There’s a type of tower that fires missiles that, on hitting their target, create a sort of jamming signal that makes you look like an enemy to your own troops unless you stay outside its range. This is a problem not for the danger it poses you, but because it makes your guys aim at the wrong thing. A tower of this sort can prevent you from lending crucial aid in a pitched battle. I’ve found that the best way to deal with this is by calling in an air strike on the tower before it’s an issue, but it took me a while to realize that this was an option, because getting close enough to the thing to do so usually requires dashing through enemy defenses alone.

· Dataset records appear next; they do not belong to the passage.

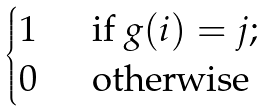Convert formula to latex. <formula><loc_0><loc_0><loc_500><loc_500>\begin{cases} 1 & \ \text { if } g ( i ) = j ; \\ 0 & \ \text { otherwise} \end{cases}</formula> 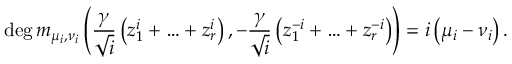<formula> <loc_0><loc_0><loc_500><loc_500>\deg m _ { \mu _ { i } , \nu _ { i } } \left ( \frac { \gamma } { \sqrt { i } } \left ( z _ { 1 } ^ { i } + \dots + z _ { r } ^ { i } \right ) , - \frac { \gamma } { \sqrt { i } } \left ( z _ { 1 } ^ { - i } + \dots + z _ { r } ^ { - i } \right ) \right ) = i \left ( \mu _ { i } - \nu _ { i } \right ) .</formula> 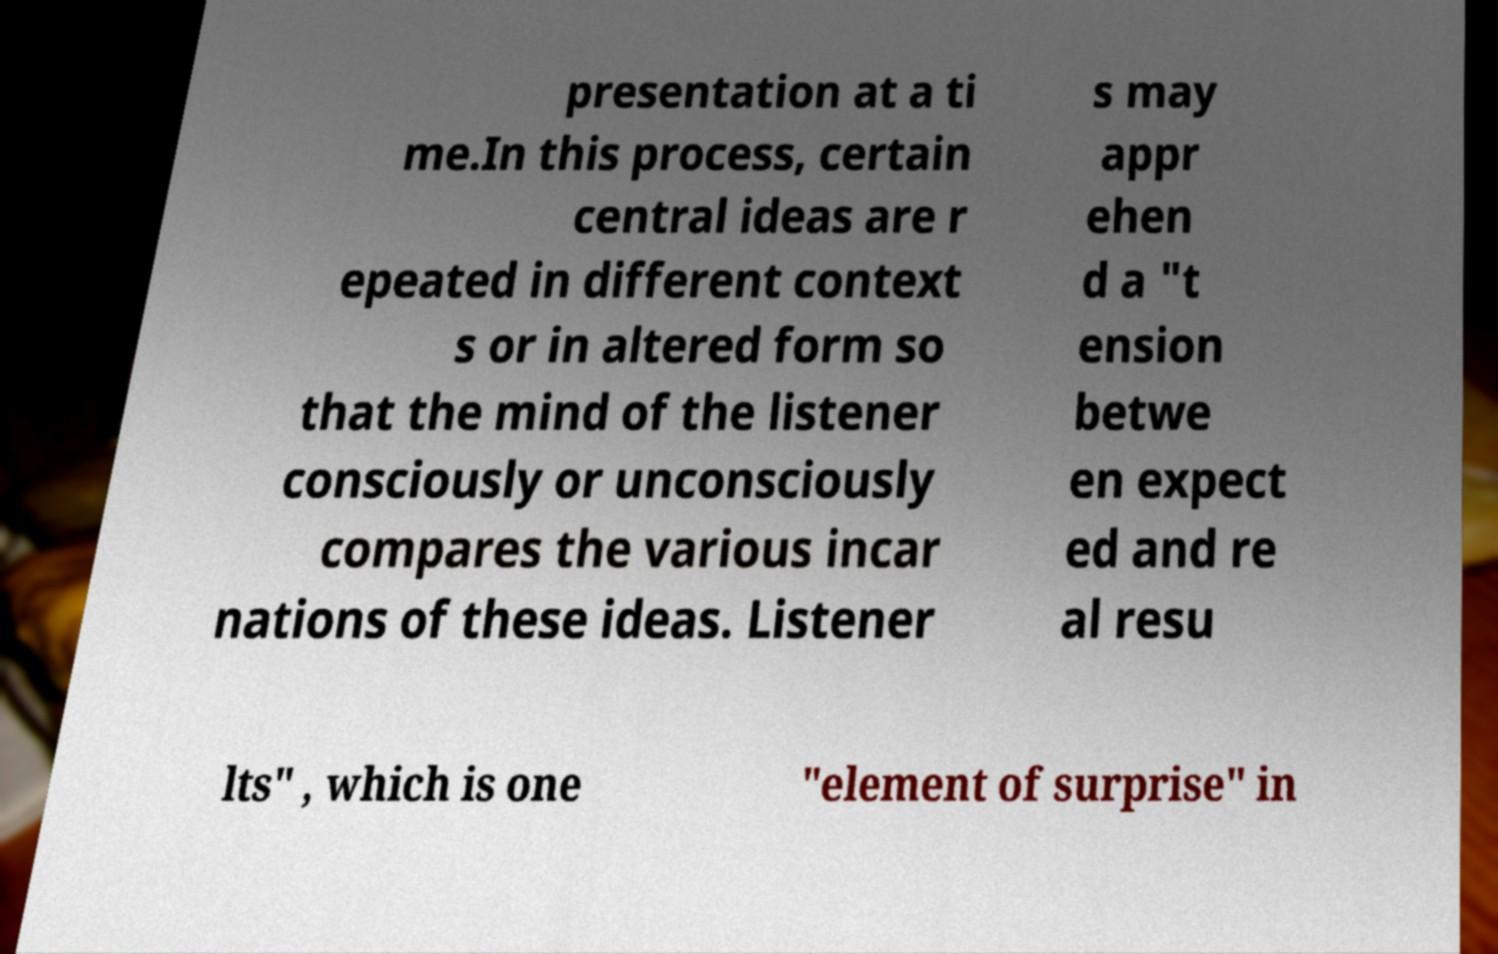I need the written content from this picture converted into text. Can you do that? presentation at a ti me.In this process, certain central ideas are r epeated in different context s or in altered form so that the mind of the listener consciously or unconsciously compares the various incar nations of these ideas. Listener s may appr ehen d a "t ension betwe en expect ed and re al resu lts" , which is one "element of surprise" in 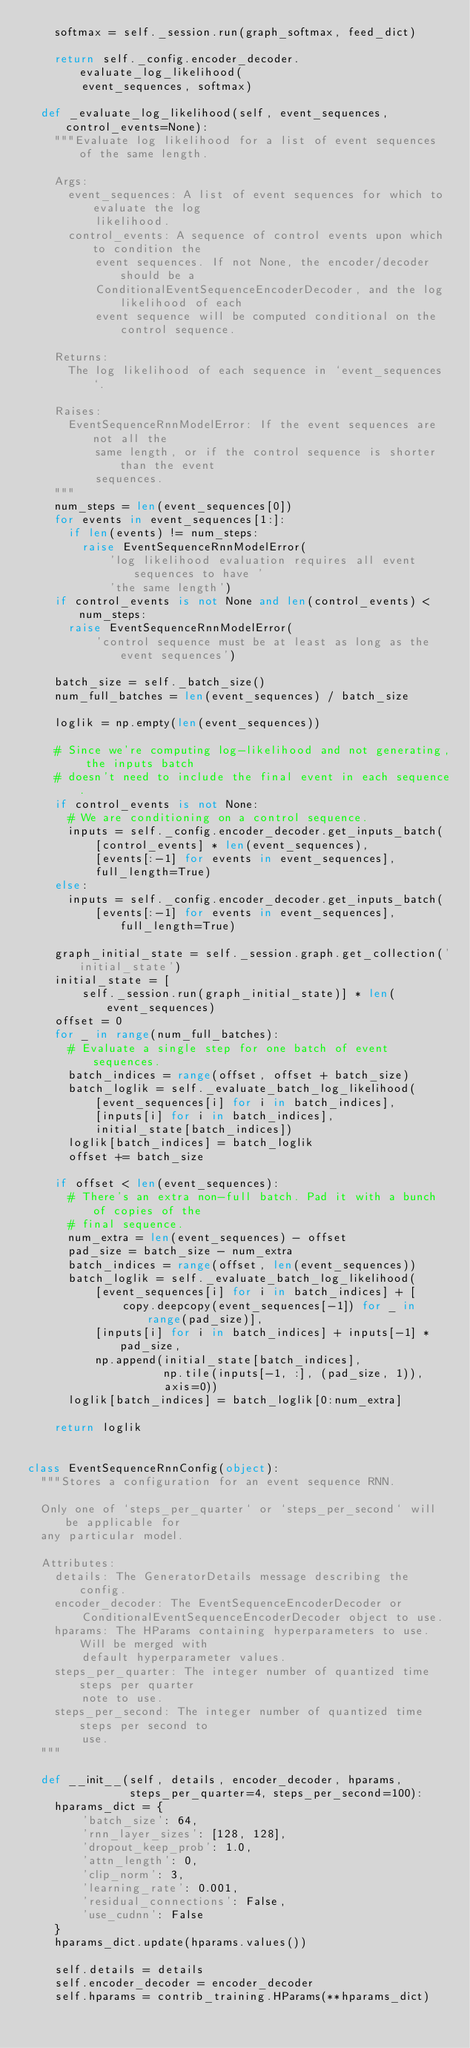<code> <loc_0><loc_0><loc_500><loc_500><_Python_>    softmax = self._session.run(graph_softmax, feed_dict)

    return self._config.encoder_decoder.evaluate_log_likelihood(
        event_sequences, softmax)

  def _evaluate_log_likelihood(self, event_sequences, control_events=None):
    """Evaluate log likelihood for a list of event sequences of the same length.

    Args:
      event_sequences: A list of event sequences for which to evaluate the log
          likelihood.
      control_events: A sequence of control events upon which to condition the
          event sequences. If not None, the encoder/decoder should be a
          ConditionalEventSequenceEncoderDecoder, and the log likelihood of each
          event sequence will be computed conditional on the control sequence.

    Returns:
      The log likelihood of each sequence in `event_sequences`.

    Raises:
      EventSequenceRnnModelError: If the event sequences are not all the
          same length, or if the control sequence is shorter than the event
          sequences.
    """
    num_steps = len(event_sequences[0])
    for events in event_sequences[1:]:
      if len(events) != num_steps:
        raise EventSequenceRnnModelError(
            'log likelihood evaluation requires all event sequences to have '
            'the same length')
    if control_events is not None and len(control_events) < num_steps:
      raise EventSequenceRnnModelError(
          'control sequence must be at least as long as the event sequences')

    batch_size = self._batch_size()
    num_full_batches = len(event_sequences) / batch_size

    loglik = np.empty(len(event_sequences))

    # Since we're computing log-likelihood and not generating, the inputs batch
    # doesn't need to include the final event in each sequence.
    if control_events is not None:
      # We are conditioning on a control sequence.
      inputs = self._config.encoder_decoder.get_inputs_batch(
          [control_events] * len(event_sequences),
          [events[:-1] for events in event_sequences],
          full_length=True)
    else:
      inputs = self._config.encoder_decoder.get_inputs_batch(
          [events[:-1] for events in event_sequences], full_length=True)

    graph_initial_state = self._session.graph.get_collection('initial_state')
    initial_state = [
        self._session.run(graph_initial_state)] * len(event_sequences)
    offset = 0
    for _ in range(num_full_batches):
      # Evaluate a single step for one batch of event sequences.
      batch_indices = range(offset, offset + batch_size)
      batch_loglik = self._evaluate_batch_log_likelihood(
          [event_sequences[i] for i in batch_indices],
          [inputs[i] for i in batch_indices],
          initial_state[batch_indices])
      loglik[batch_indices] = batch_loglik
      offset += batch_size

    if offset < len(event_sequences):
      # There's an extra non-full batch. Pad it with a bunch of copies of the
      # final sequence.
      num_extra = len(event_sequences) - offset
      pad_size = batch_size - num_extra
      batch_indices = range(offset, len(event_sequences))
      batch_loglik = self._evaluate_batch_log_likelihood(
          [event_sequences[i] for i in batch_indices] + [
              copy.deepcopy(event_sequences[-1]) for _ in range(pad_size)],
          [inputs[i] for i in batch_indices] + inputs[-1] * pad_size,
          np.append(initial_state[batch_indices],
                    np.tile(inputs[-1, :], (pad_size, 1)),
                    axis=0))
      loglik[batch_indices] = batch_loglik[0:num_extra]

    return loglik


class EventSequenceRnnConfig(object):
  """Stores a configuration for an event sequence RNN.

  Only one of `steps_per_quarter` or `steps_per_second` will be applicable for
  any particular model.

  Attributes:
    details: The GeneratorDetails message describing the config.
    encoder_decoder: The EventSequenceEncoderDecoder or
        ConditionalEventSequenceEncoderDecoder object to use.
    hparams: The HParams containing hyperparameters to use. Will be merged with
        default hyperparameter values.
    steps_per_quarter: The integer number of quantized time steps per quarter
        note to use.
    steps_per_second: The integer number of quantized time steps per second to
        use.
  """

  def __init__(self, details, encoder_decoder, hparams,
               steps_per_quarter=4, steps_per_second=100):
    hparams_dict = {
        'batch_size': 64,
        'rnn_layer_sizes': [128, 128],
        'dropout_keep_prob': 1.0,
        'attn_length': 0,
        'clip_norm': 3,
        'learning_rate': 0.001,
        'residual_connections': False,
        'use_cudnn': False
    }
    hparams_dict.update(hparams.values())

    self.details = details
    self.encoder_decoder = encoder_decoder
    self.hparams = contrib_training.HParams(**hparams_dict)</code> 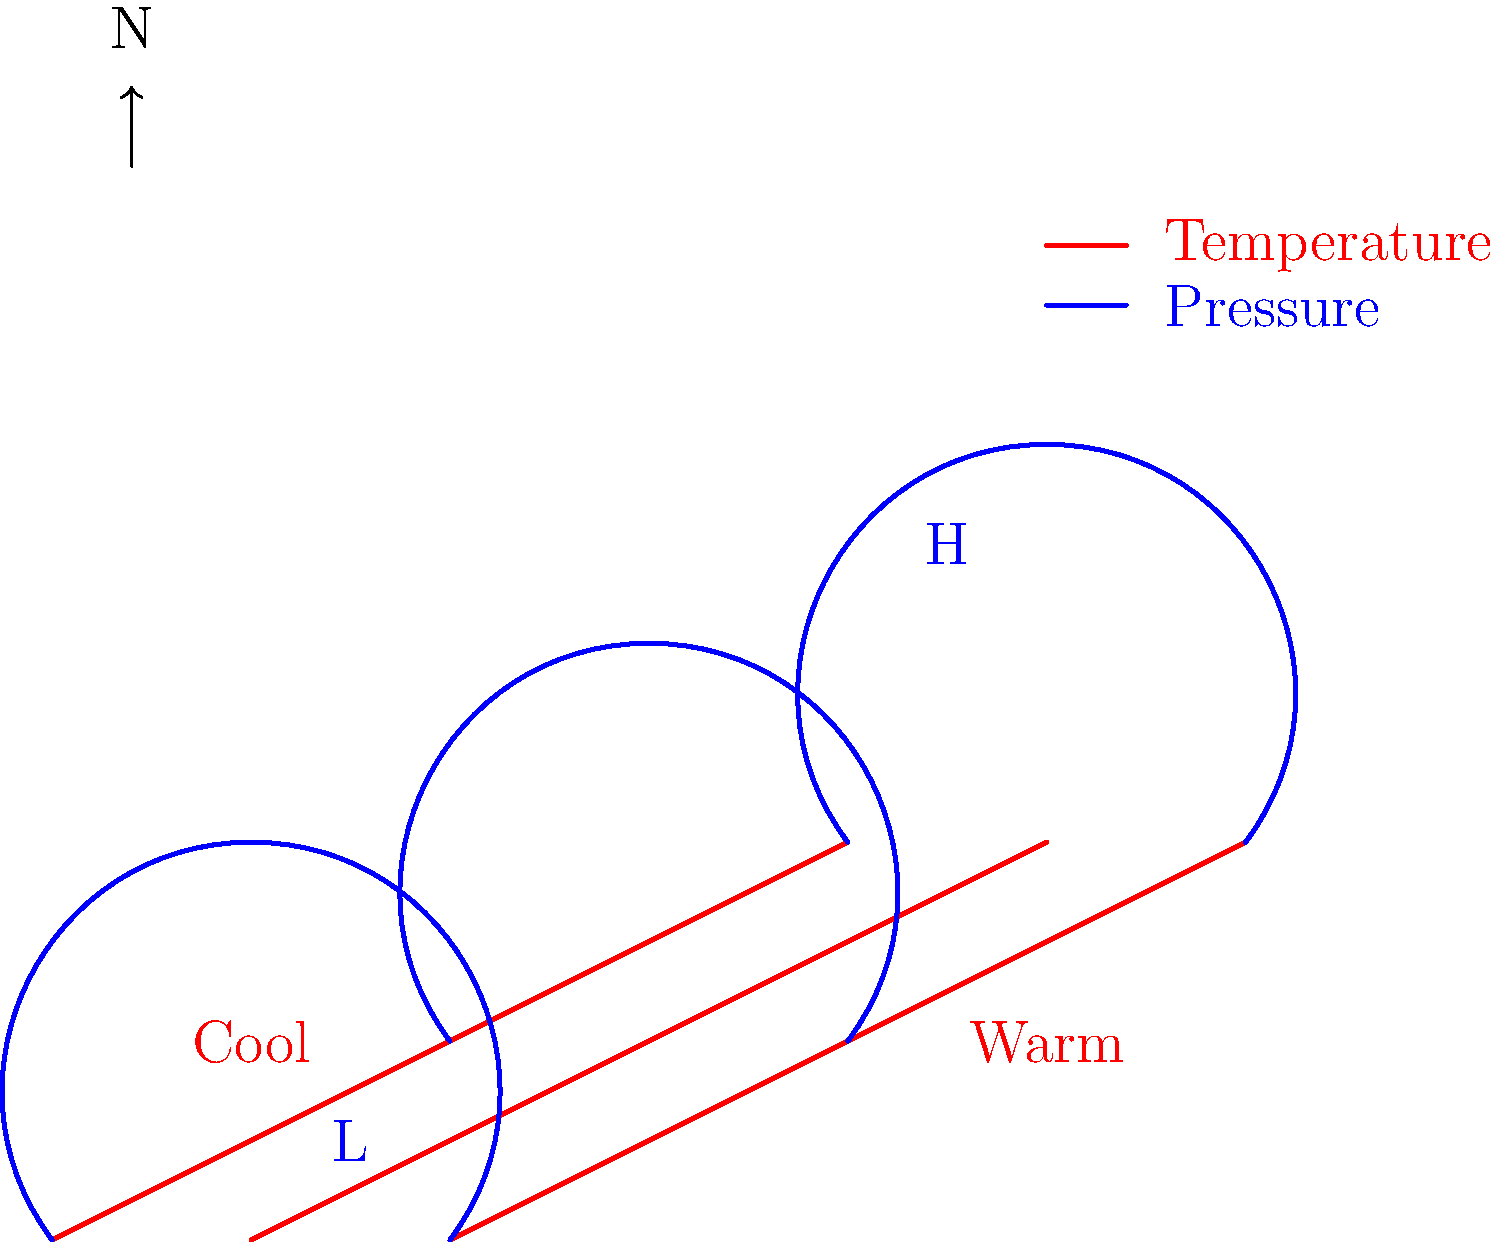Based on the temperature and pressure map provided, what type of weather system is likely approaching, and how might it affect local weather conditions? To analyze this map and predict the weather, we need to follow these steps:

Later, there’s another tower type that can’t be approached this way: if you get near it, and within a line of sight, it fires a continuous beam that absorbs energy from your battle suit. It then uses this energy to heal itself and to power up its special ability to re-create towers you’ve destroyed. Letting it use that spell even once can mean defeat, so you don’t want to get near it. The curious thing about both of these area-denial towers is that they’re not capable of damaging your convoy by themselves. They’re purely support units, and they provide support of sorts that I don’t recall seeing used in normal tower defense games — mainly because they both involve warding off a player character.

At the end of each level, the game evaluates the player’s performance on three axes: directness, ruthlessness, and efficiency. Directness has to do with how fast a route you took, ruthlessness is based on how much stuff you killed, and efficiency seems to be all about how many smokescreens and air strikes and so forth you have left at the end. Directness and ruthlessness are almost opposites: if you’re destroying everything on the map, you’re necessarily doubling back on your path a lot. At the game’s beginning, when I was just learning the mechanics and didn’t have force fields yet, I got high directness bonuses, but by the end, I was flat-out ruthless. That’s because ruthlessness is the cautious approach. Caution means minimizing the number of towers you engage at a time, and that means looping around the more sparsely-defended blocks until you can advance to the next block without being hit from behind.

In fact, by the end, my tactics were pretty procedural and by-the-numbers, upset only slightly by an end boss capable of respawning nearby towers endlessly. This is the sort of thing that leaves me wondering if the game has exhausted the potential of its mechanics, if it leaves no room for expansion or imitation. But then, those two special towers I described aren’t exactly elementary types that anyone making a similar game would invent, and that hints at more elaborate possibilities.

Anomaly: International Politics

The whole premise of Anomaly: Warzone Earth is that a couple of alien spaceships, or possibly one spaceship broken into two pieces, have crash-landed in the middle of two major cities. The aliens you fight don’t seem to be the ones that were in charge of those ships, though. They’re attacking the ships, apparently scavenging some kind of energy. I suppose it’s entirely possible that if we just left them alone they’d eventually get what they came for and go away, but the fact that they’re doing it in the middle of populated urban centers kind of makes that not an option.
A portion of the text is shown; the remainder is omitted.